(REQUIREMENT) Since the records include pictures, leave those out while you reproduce exactly and only the lines from the one containing "the clinician works" through the one containing "952x1240 pixels.", inclusive.

======

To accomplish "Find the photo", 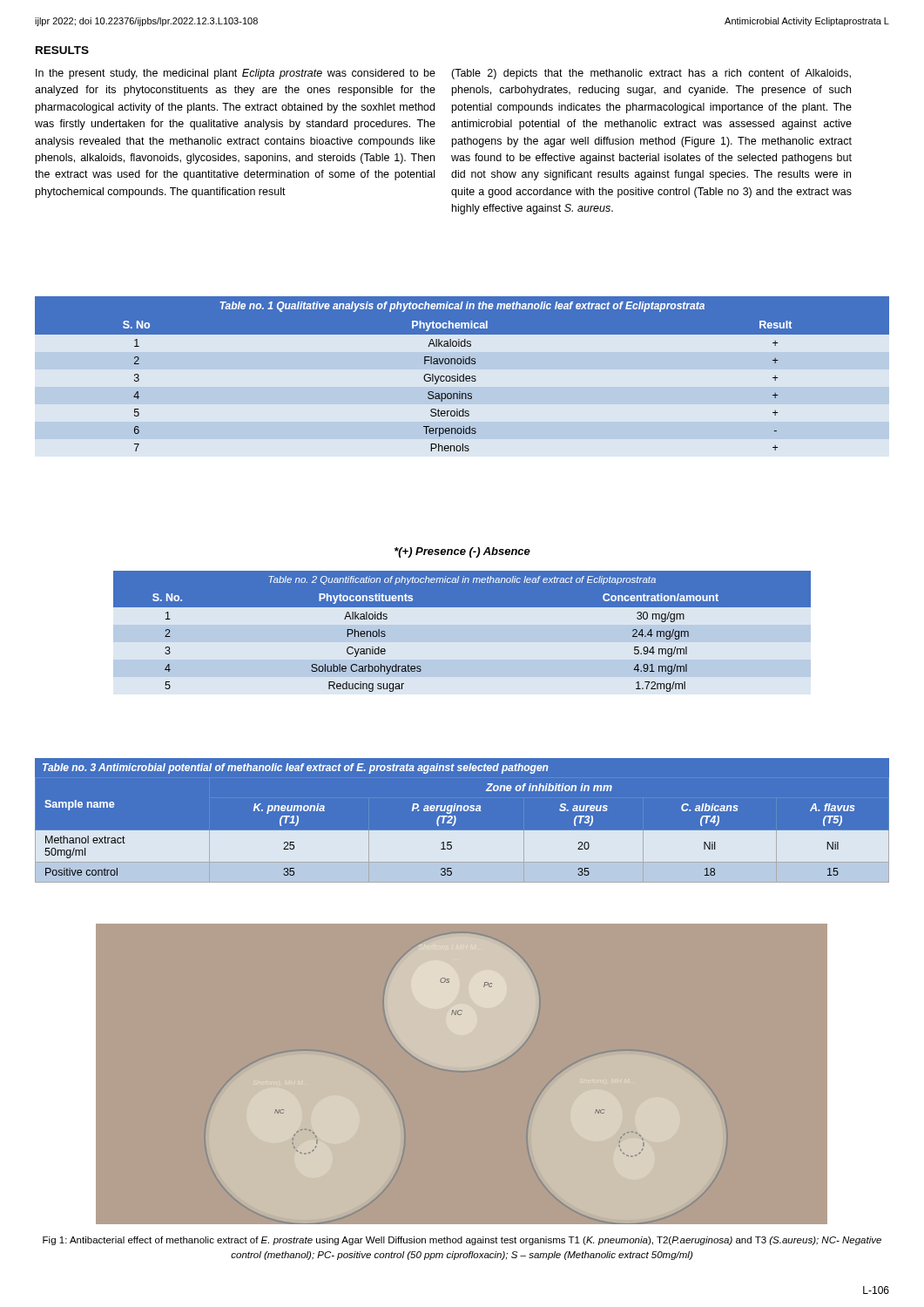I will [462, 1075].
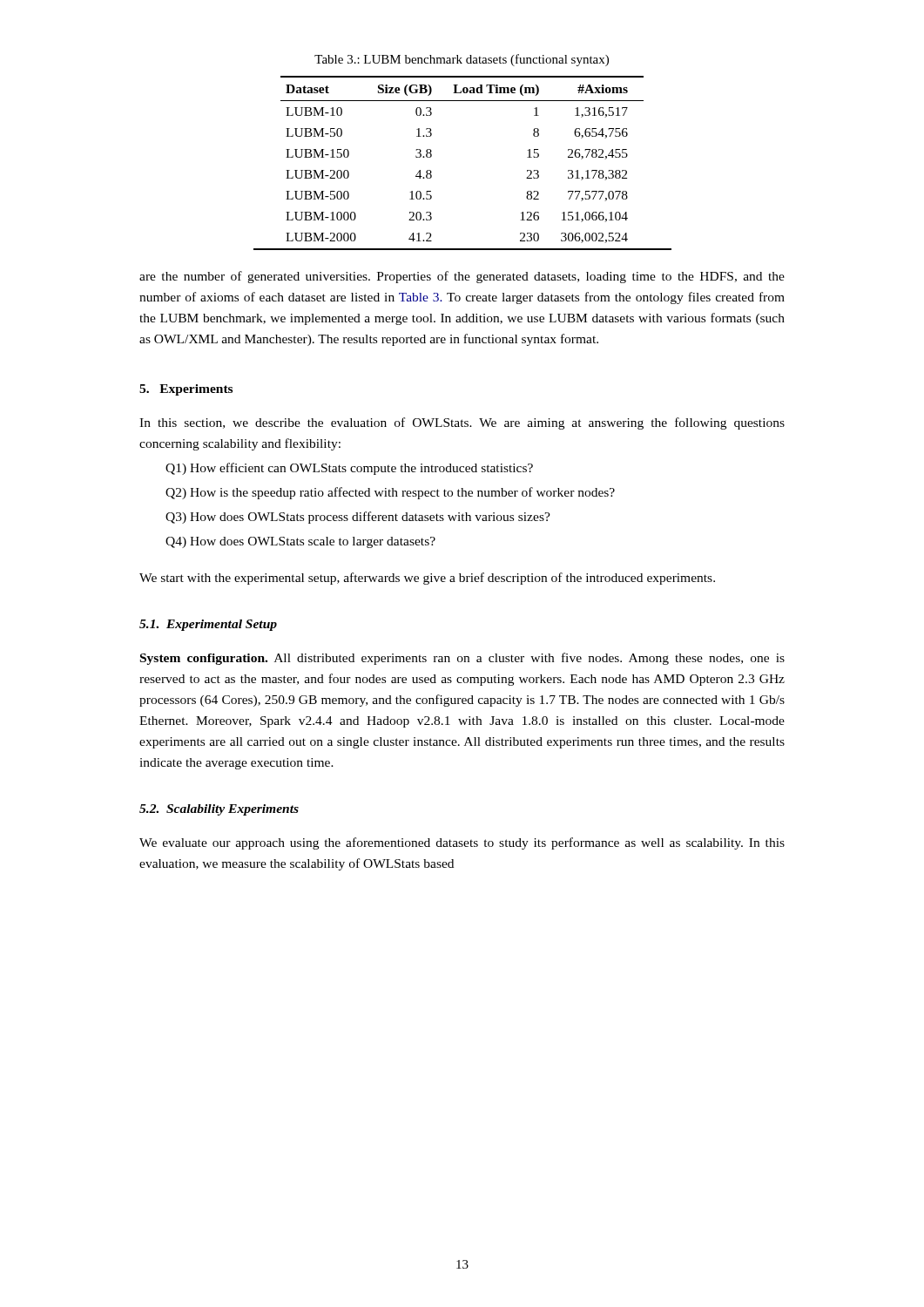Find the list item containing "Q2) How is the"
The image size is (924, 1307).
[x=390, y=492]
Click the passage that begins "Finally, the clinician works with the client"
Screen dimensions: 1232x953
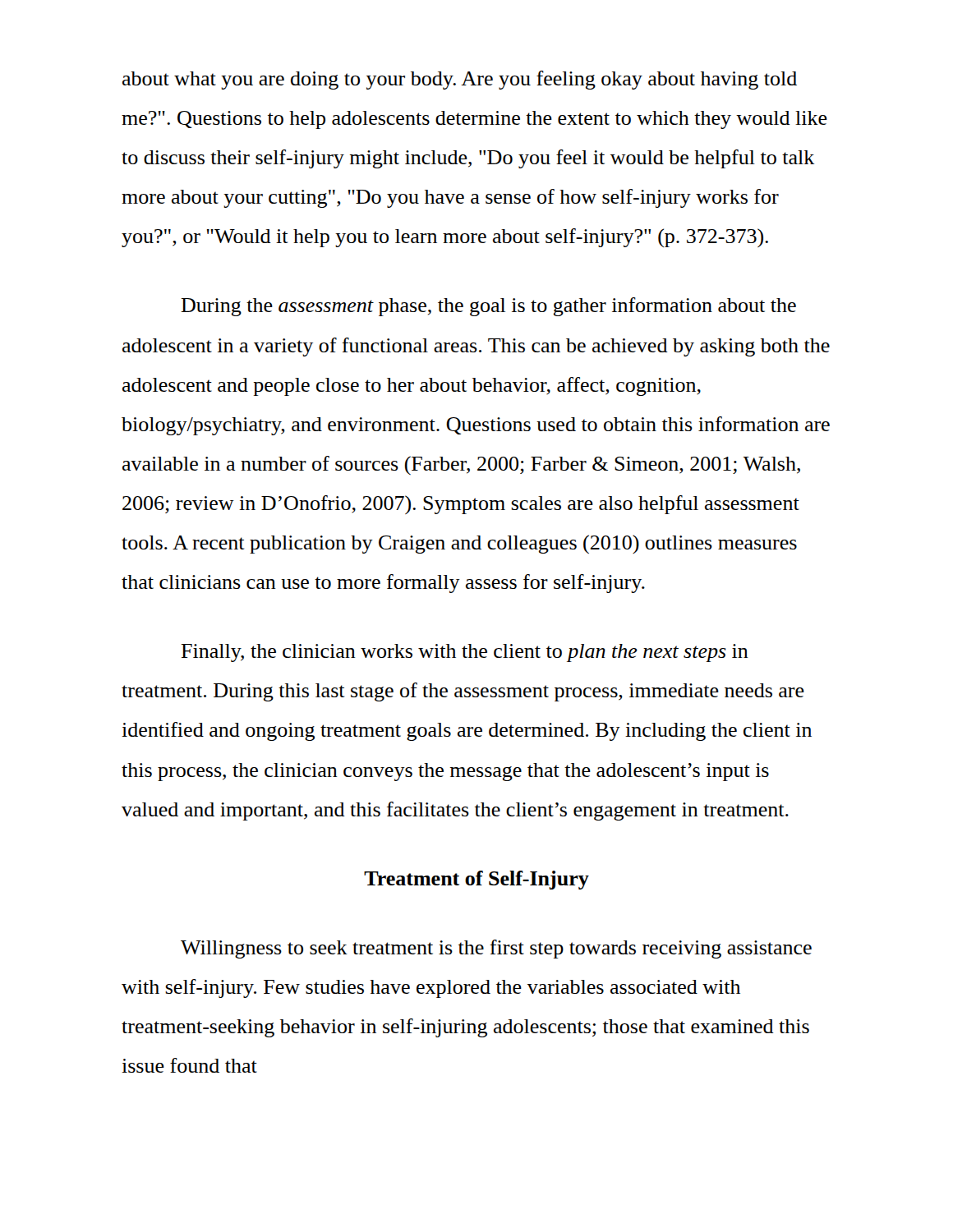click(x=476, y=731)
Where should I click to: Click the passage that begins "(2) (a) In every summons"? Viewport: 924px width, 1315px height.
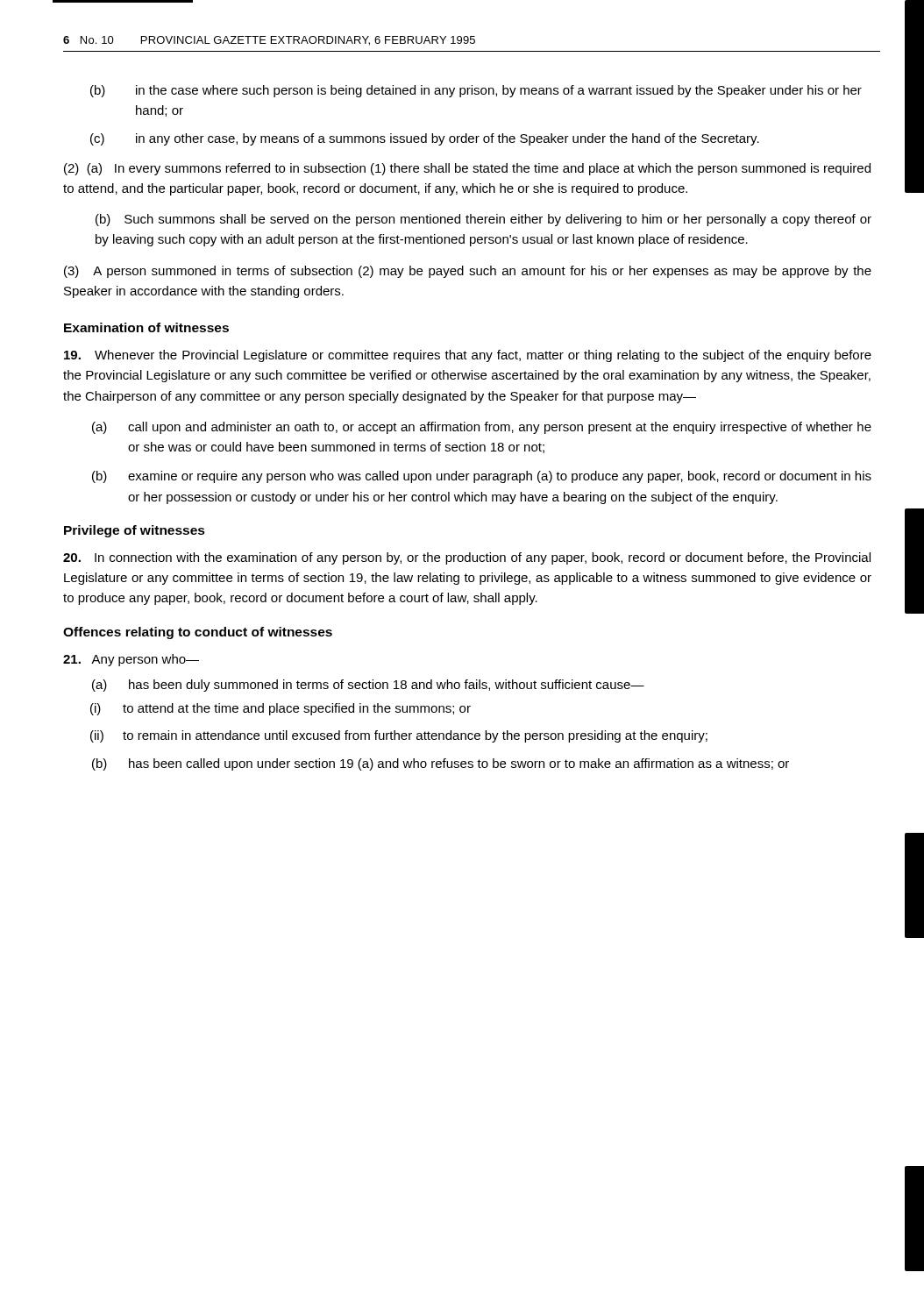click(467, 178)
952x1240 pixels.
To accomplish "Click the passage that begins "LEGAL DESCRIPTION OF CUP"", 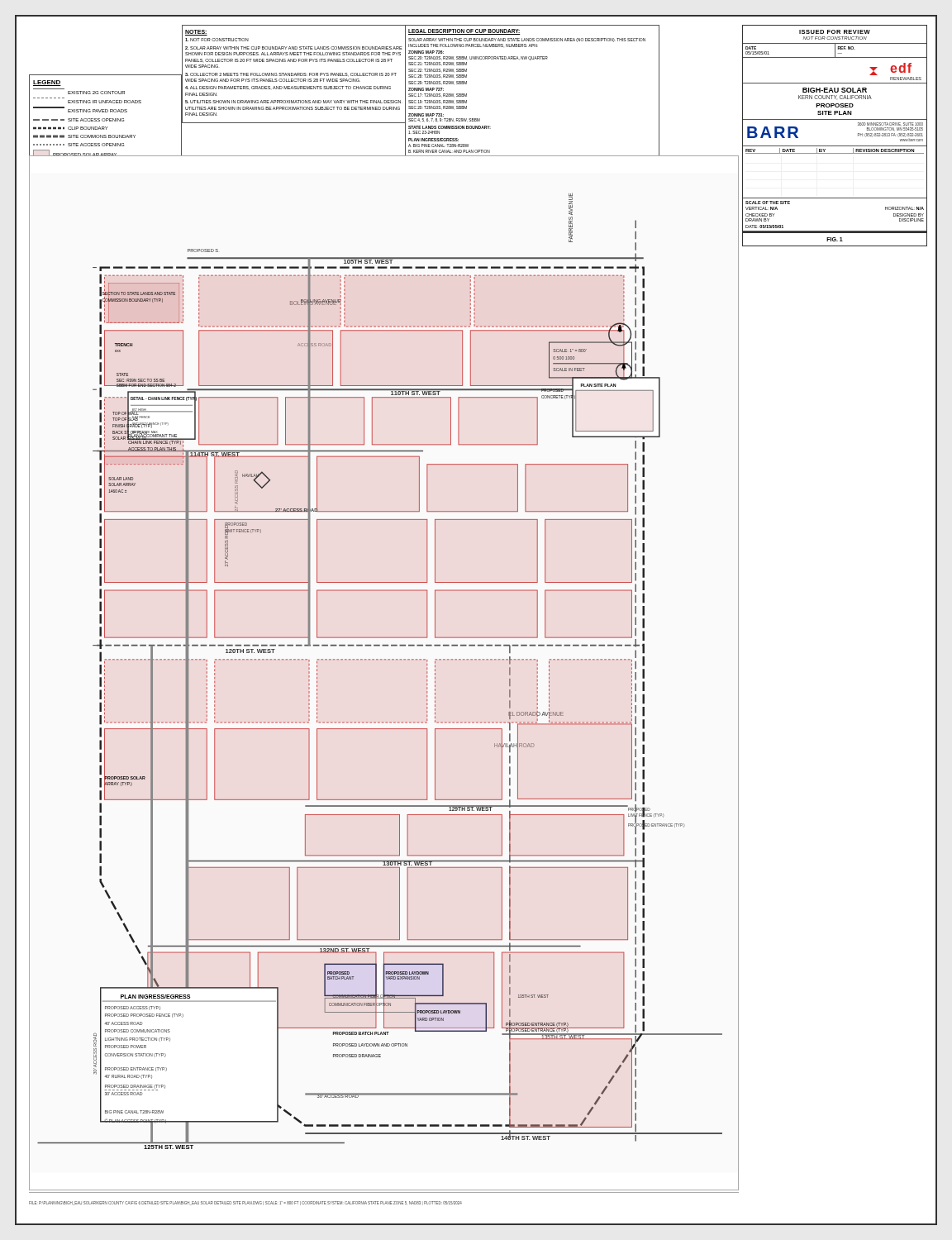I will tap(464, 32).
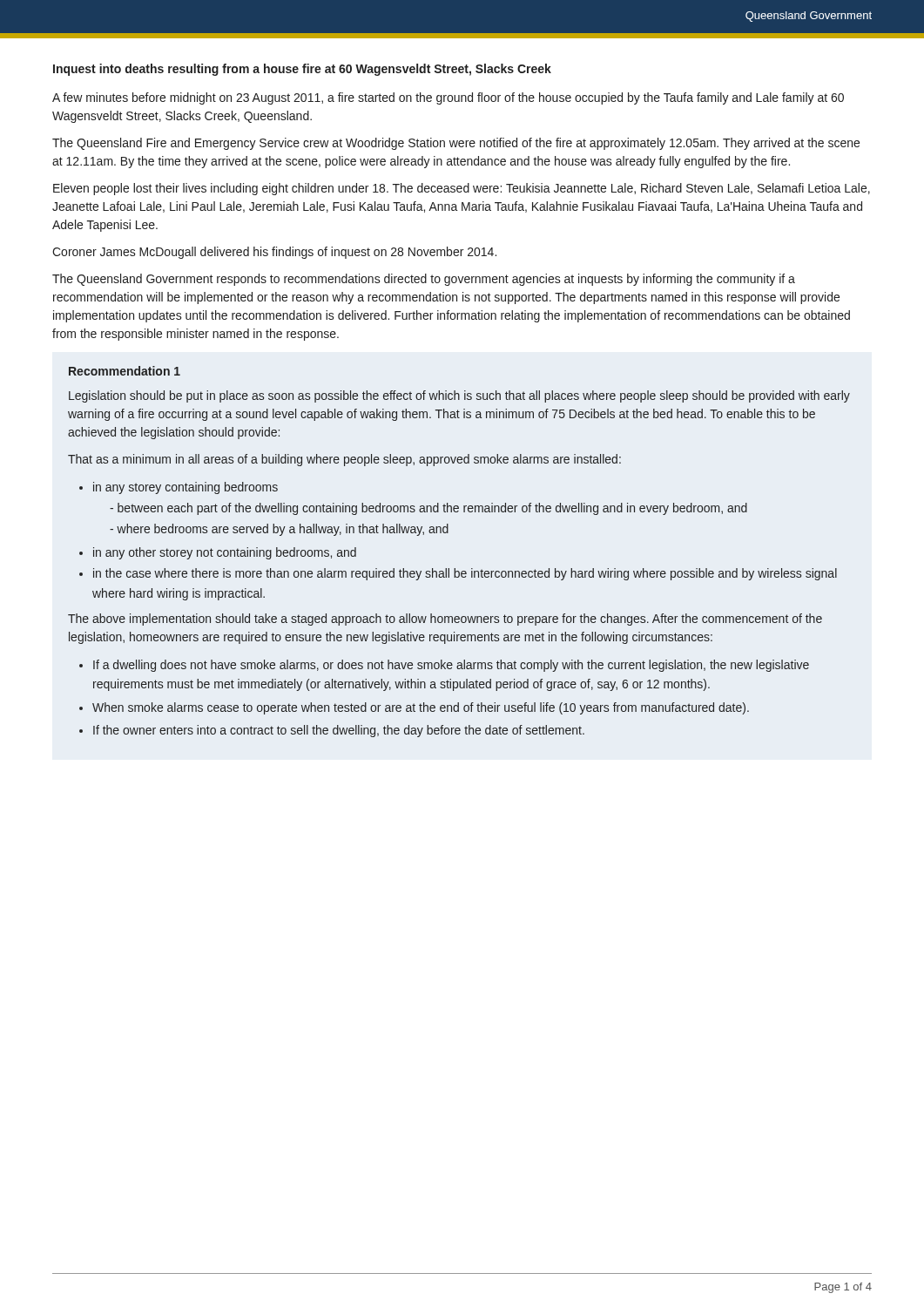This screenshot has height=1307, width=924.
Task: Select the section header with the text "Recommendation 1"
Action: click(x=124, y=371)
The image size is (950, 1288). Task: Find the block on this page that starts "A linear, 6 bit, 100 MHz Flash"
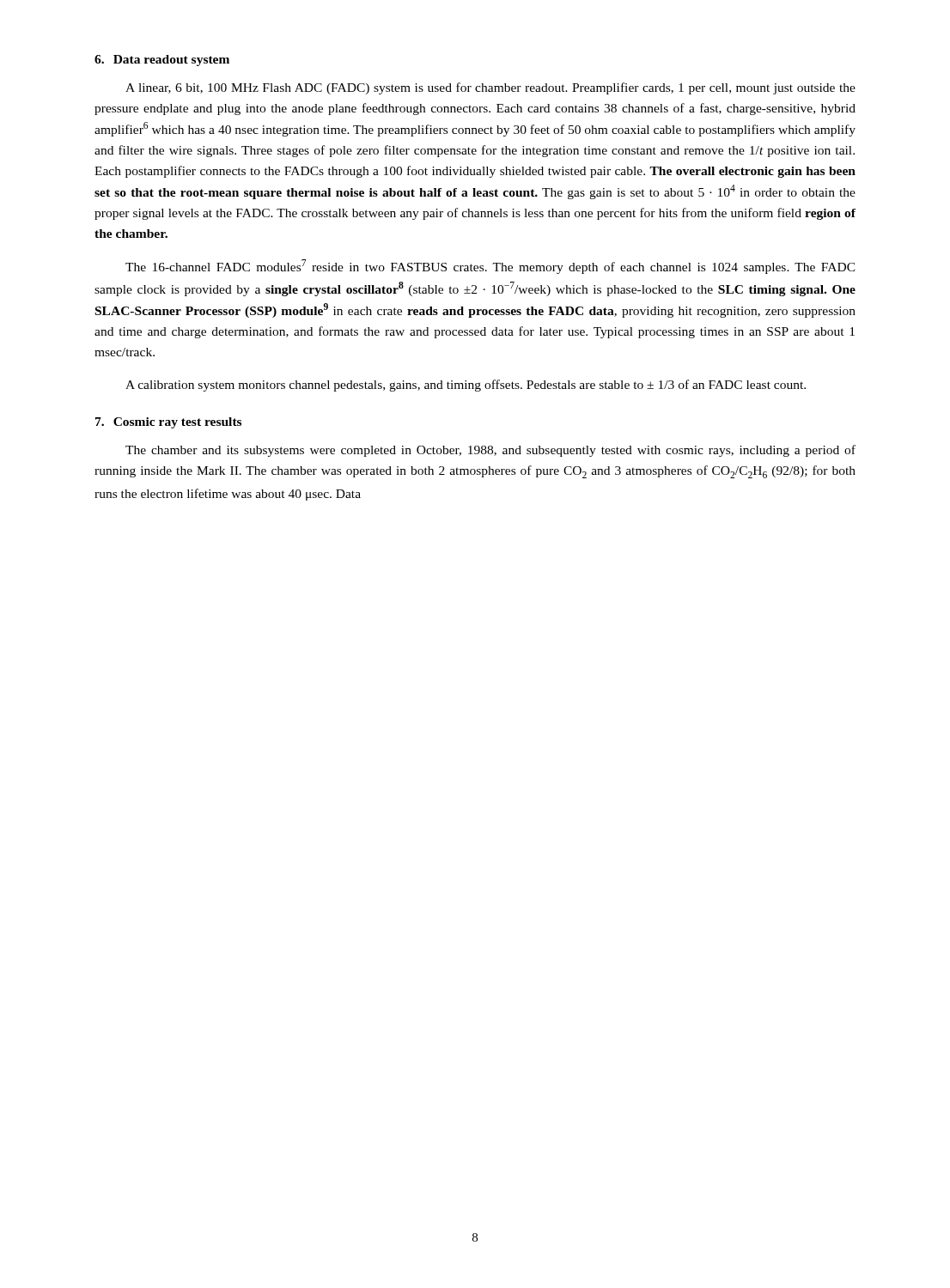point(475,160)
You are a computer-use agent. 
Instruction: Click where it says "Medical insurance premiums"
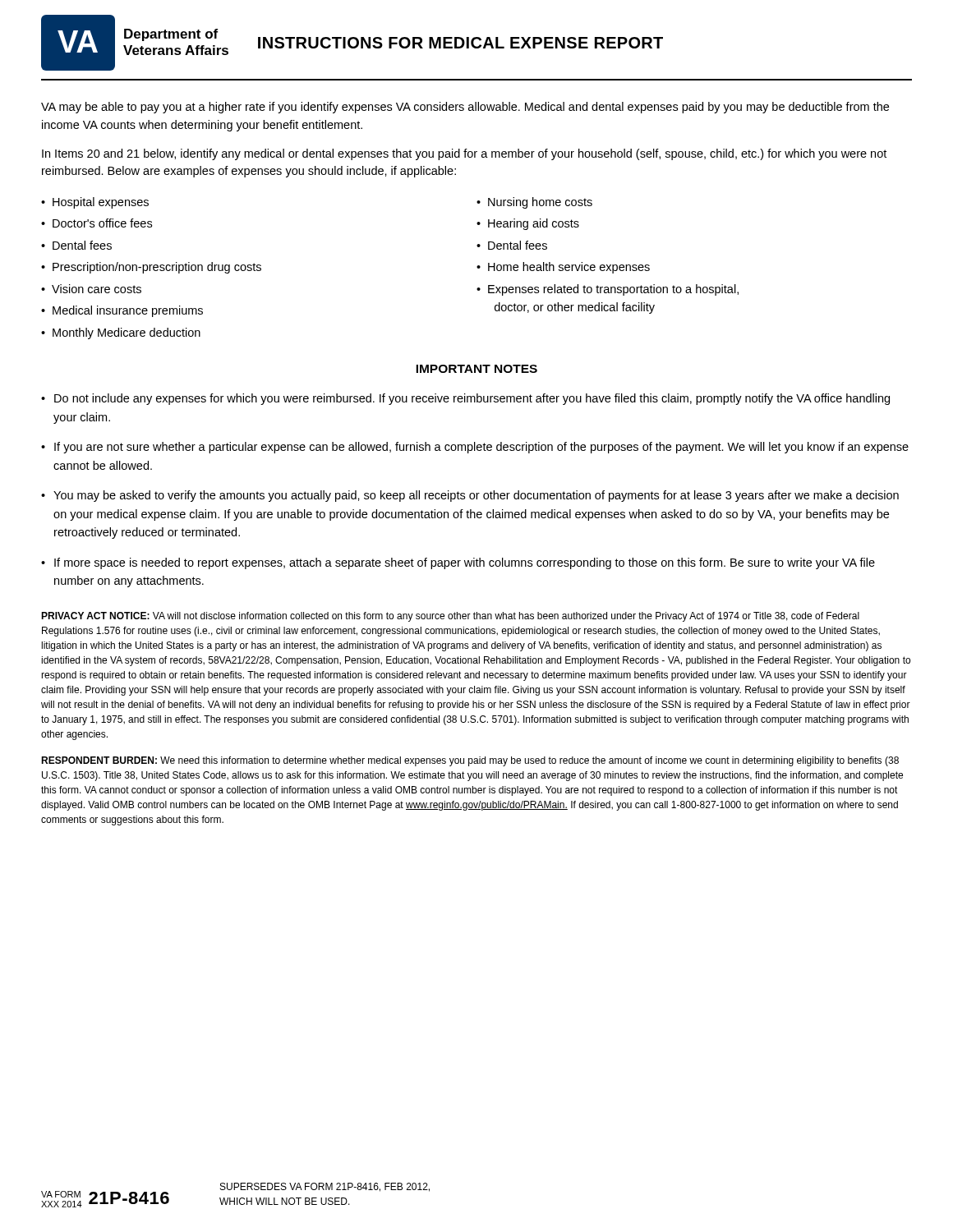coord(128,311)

======

(TASK RESPONSE)
Click the passage that begins "Finally, the clinician works with the client"
Screen dimensions: 1232x953
click(x=476, y=731)
Where should I click to: Click the passage that begins "(2) (a) In every summons"? Viewport: 924px width, 1315px height.
click(467, 178)
952x1240 pixels.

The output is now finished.